REQUIREMENT: Which lines below include the string "cuboid"? Please show each one.

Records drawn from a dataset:
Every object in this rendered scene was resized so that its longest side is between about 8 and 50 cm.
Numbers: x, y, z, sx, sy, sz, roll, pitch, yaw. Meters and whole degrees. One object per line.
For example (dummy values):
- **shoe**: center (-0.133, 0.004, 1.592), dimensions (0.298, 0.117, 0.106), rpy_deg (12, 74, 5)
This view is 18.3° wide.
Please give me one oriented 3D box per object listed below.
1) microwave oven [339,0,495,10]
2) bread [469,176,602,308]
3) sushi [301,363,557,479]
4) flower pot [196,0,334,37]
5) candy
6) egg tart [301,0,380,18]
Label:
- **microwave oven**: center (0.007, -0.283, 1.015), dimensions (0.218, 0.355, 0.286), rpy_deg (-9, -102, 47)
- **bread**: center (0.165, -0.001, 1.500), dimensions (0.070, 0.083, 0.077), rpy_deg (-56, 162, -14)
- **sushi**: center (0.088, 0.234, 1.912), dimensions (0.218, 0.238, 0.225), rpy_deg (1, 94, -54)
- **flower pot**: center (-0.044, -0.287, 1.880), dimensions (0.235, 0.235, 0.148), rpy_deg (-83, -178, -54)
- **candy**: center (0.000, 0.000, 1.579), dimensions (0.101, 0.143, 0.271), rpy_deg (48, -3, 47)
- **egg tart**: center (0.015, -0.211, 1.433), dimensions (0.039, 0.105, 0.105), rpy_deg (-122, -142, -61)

==

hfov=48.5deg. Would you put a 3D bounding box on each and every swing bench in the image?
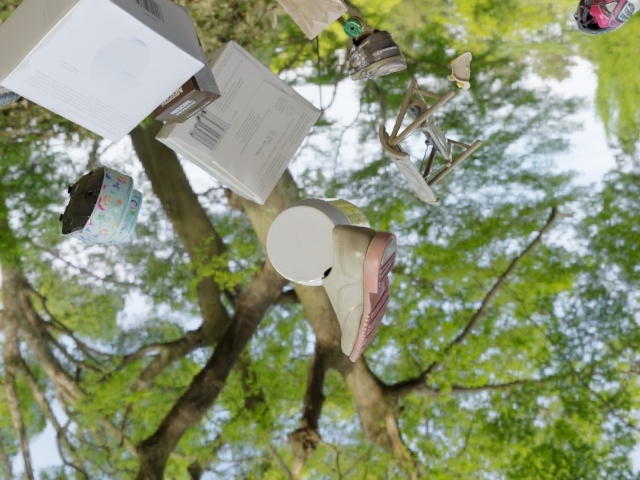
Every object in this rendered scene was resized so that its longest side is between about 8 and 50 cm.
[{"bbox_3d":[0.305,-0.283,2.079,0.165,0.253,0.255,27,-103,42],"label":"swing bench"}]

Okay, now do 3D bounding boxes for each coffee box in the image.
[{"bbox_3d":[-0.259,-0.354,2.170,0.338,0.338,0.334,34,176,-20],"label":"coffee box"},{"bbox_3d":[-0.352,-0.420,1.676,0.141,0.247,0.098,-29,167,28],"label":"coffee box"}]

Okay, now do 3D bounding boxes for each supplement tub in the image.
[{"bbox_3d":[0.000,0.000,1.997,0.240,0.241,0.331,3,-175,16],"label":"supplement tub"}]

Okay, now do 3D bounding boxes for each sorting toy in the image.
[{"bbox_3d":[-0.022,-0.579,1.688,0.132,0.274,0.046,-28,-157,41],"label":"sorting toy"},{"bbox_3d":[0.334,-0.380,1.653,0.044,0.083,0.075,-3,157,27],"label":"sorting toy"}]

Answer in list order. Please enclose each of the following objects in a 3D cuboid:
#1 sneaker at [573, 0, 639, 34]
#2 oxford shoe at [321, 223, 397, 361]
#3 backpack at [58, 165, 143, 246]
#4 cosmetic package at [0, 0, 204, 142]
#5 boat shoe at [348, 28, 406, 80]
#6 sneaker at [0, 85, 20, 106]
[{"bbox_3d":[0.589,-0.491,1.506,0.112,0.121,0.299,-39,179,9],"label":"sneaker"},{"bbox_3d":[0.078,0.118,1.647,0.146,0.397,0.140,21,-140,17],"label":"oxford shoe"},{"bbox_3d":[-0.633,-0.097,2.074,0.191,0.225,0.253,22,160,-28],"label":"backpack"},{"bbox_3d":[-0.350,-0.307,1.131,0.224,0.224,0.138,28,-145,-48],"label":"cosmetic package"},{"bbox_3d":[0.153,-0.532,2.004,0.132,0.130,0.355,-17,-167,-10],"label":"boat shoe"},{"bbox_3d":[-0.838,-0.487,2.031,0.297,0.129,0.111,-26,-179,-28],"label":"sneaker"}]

--

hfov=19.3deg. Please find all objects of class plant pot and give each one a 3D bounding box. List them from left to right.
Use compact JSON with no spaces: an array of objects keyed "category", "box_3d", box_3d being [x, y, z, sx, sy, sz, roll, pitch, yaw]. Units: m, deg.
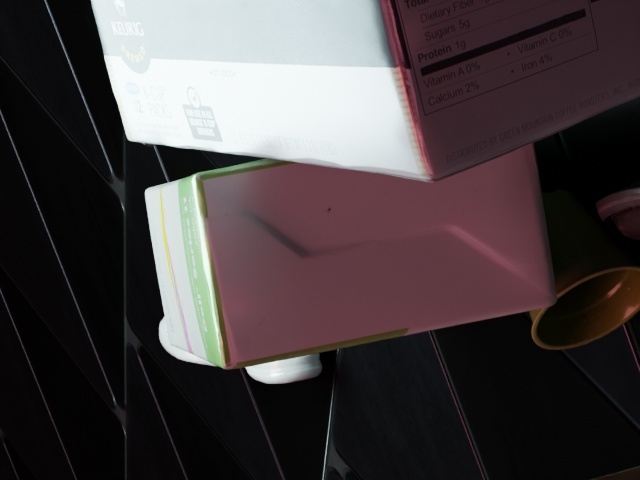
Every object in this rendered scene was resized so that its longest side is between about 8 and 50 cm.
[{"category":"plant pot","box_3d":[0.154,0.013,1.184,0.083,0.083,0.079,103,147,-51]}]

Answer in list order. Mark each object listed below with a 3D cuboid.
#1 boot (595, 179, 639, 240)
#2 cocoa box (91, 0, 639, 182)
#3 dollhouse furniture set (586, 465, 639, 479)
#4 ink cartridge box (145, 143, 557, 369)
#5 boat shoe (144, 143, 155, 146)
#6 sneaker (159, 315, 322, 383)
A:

TASK RESULT:
Answer in list order. Please enclose each of the following objects in a 3D cuboid:
Answer in list order. Mark each object listed below with a 3D cuboid.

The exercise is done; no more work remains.